Excerpts from a dataset
>>>
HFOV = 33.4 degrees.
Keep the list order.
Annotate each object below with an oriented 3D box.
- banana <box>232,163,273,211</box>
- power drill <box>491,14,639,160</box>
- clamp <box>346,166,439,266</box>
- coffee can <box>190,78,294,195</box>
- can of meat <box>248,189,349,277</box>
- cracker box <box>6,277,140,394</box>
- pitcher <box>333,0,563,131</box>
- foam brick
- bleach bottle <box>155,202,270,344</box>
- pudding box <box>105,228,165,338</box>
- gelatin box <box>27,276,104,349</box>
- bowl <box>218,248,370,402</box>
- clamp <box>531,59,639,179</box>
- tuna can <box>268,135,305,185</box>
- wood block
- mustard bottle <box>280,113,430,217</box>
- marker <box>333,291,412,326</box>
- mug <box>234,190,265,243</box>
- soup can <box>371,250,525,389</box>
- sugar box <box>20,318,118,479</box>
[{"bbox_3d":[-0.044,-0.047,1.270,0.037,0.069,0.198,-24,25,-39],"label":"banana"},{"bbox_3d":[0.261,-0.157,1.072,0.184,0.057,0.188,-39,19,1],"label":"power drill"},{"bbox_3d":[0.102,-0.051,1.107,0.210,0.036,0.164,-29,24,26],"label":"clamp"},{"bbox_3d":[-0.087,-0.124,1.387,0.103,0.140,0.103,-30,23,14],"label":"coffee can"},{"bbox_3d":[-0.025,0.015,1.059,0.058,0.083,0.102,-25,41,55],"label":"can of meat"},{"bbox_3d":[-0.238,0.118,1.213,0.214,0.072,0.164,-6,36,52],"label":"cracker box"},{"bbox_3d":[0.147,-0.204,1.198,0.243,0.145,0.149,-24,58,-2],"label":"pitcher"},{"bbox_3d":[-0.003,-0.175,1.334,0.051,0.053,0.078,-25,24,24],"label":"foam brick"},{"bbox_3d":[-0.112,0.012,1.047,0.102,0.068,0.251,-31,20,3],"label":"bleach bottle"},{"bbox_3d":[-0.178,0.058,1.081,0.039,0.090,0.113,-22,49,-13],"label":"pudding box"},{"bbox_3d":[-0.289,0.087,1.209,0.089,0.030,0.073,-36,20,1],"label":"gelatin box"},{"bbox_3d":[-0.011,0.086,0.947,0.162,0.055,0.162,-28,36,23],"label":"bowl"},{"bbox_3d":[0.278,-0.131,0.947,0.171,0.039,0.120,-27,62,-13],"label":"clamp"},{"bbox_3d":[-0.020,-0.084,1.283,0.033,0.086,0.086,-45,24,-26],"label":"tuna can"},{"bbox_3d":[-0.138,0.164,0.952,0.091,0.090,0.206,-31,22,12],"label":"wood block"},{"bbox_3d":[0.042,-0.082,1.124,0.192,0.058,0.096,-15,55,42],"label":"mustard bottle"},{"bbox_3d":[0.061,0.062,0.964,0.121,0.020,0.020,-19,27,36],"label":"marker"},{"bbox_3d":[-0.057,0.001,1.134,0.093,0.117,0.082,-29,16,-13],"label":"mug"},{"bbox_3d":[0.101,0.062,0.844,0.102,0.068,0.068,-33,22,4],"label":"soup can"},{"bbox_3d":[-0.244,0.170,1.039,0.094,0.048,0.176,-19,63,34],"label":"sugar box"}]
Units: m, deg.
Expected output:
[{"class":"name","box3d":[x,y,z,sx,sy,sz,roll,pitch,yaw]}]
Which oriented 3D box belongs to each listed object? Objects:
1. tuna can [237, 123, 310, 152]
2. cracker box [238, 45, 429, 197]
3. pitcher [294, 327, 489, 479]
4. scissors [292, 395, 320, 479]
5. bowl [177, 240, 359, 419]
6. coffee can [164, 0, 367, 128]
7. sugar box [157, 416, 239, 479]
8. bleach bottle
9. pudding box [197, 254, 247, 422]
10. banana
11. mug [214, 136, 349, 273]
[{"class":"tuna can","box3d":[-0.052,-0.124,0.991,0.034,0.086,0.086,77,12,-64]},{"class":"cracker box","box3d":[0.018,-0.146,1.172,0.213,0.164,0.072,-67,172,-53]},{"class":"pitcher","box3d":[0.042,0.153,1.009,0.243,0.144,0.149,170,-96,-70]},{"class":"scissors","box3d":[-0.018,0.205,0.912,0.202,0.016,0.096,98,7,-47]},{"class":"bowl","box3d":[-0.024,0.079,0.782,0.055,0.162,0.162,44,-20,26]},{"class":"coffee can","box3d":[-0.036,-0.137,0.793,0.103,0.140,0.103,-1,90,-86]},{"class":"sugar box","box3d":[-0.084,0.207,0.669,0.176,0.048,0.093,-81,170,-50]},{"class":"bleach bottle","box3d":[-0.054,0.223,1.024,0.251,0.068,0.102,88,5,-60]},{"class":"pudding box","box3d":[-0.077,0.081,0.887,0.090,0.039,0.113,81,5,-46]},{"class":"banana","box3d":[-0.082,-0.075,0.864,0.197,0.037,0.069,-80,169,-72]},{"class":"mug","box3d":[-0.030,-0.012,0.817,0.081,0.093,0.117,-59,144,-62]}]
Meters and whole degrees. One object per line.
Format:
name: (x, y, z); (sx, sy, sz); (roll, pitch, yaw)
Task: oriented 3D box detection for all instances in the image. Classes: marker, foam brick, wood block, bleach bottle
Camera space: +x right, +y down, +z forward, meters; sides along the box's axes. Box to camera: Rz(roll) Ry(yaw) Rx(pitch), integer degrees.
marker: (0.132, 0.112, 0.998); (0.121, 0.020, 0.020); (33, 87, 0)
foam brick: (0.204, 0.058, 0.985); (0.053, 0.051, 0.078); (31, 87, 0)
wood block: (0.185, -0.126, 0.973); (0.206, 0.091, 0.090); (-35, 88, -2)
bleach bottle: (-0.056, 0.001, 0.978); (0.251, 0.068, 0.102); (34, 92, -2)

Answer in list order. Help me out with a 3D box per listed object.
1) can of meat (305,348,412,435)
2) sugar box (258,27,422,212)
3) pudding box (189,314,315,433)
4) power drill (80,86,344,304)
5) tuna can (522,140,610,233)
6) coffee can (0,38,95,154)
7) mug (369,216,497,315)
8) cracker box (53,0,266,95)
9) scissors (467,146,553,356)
<<<
**What you need to do**
Please go through the data above and copy each line containing the word "order".

**The answer**
Keep the list order.
Answer in list order. Help me out with a 3D box per listed object.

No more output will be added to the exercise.